EXERCISE:
Below are some records; output exactly the lines from the line with "Numbers: x, y, z, sx, sy, sz, roll, pitch, yaw." to the line with "Camera HFOV: 110.0 deg.", both ends kept, and nothing more.

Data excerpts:
====================

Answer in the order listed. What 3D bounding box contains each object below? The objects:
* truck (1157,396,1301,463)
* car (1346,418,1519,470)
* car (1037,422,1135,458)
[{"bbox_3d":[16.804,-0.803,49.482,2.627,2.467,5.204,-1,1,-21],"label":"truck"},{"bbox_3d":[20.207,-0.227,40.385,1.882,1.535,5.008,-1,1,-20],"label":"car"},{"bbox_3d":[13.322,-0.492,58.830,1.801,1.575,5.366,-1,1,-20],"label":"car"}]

====================

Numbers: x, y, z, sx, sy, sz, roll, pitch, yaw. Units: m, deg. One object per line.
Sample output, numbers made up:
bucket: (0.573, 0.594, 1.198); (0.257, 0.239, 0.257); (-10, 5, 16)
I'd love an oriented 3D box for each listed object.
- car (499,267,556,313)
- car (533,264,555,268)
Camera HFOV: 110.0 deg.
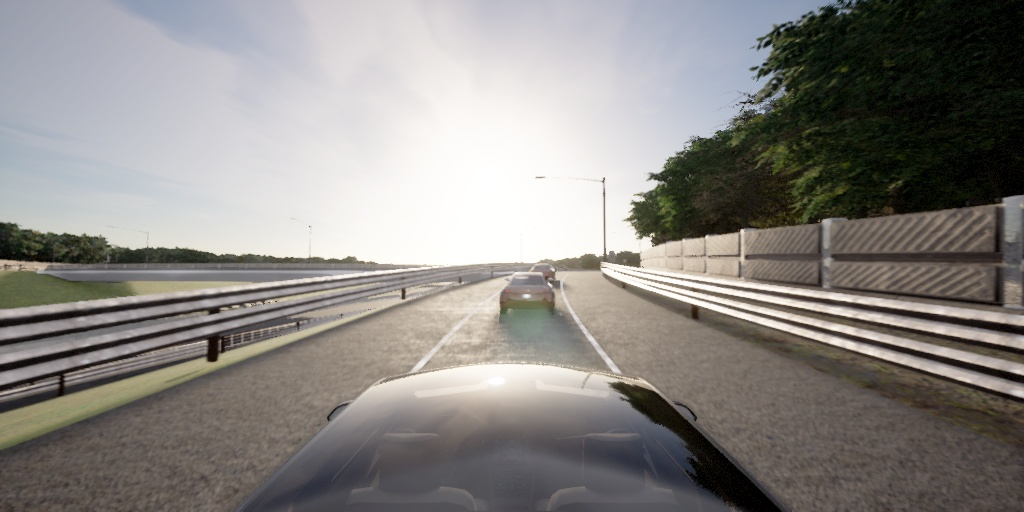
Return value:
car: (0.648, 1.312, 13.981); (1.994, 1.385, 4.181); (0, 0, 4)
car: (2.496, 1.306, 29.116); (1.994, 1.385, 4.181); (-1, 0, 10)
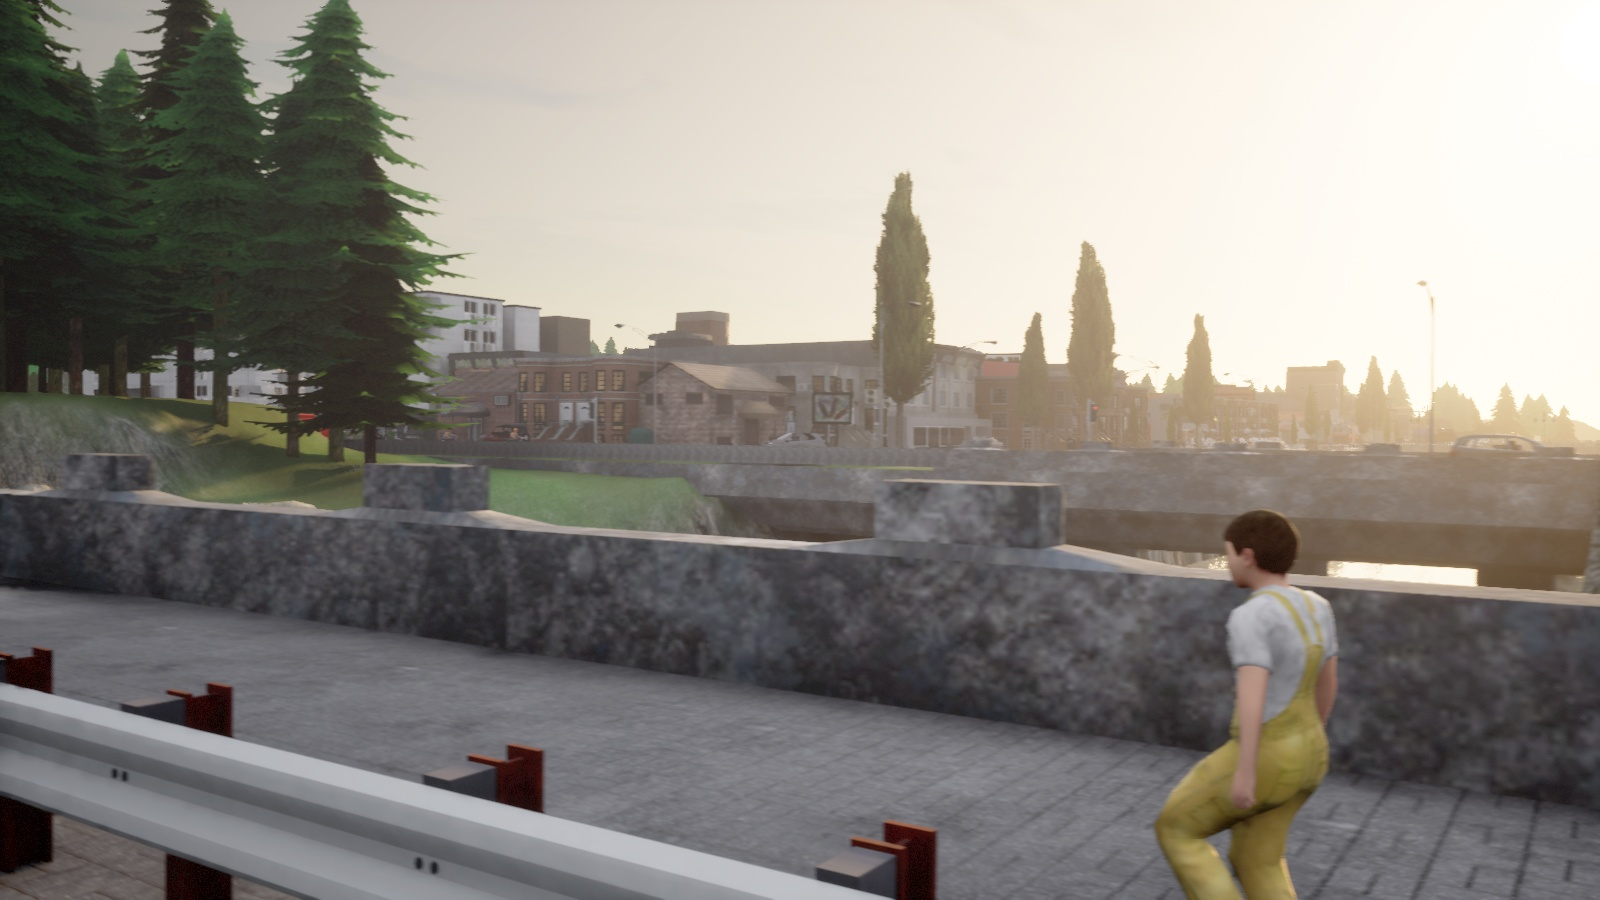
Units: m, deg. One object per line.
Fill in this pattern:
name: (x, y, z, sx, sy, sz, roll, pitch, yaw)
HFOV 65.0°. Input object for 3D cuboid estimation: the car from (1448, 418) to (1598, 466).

====================

EXPECTED OUTPUT:
Numbers: x, y, z, sx, sy, sz, roll, pitch, yaw. Units: m, deg. One object per line.
Sample output, numbers made up:
bucket: (0.573, 0.594, 1.198); (0.257, 0.239, 0.257); (-10, 5, 16)
I'd love an oriented 3D box for each listed object.
- car (499,267,556,313)
- car (533,264,555,268)
Camera HFOV: 110.0 deg.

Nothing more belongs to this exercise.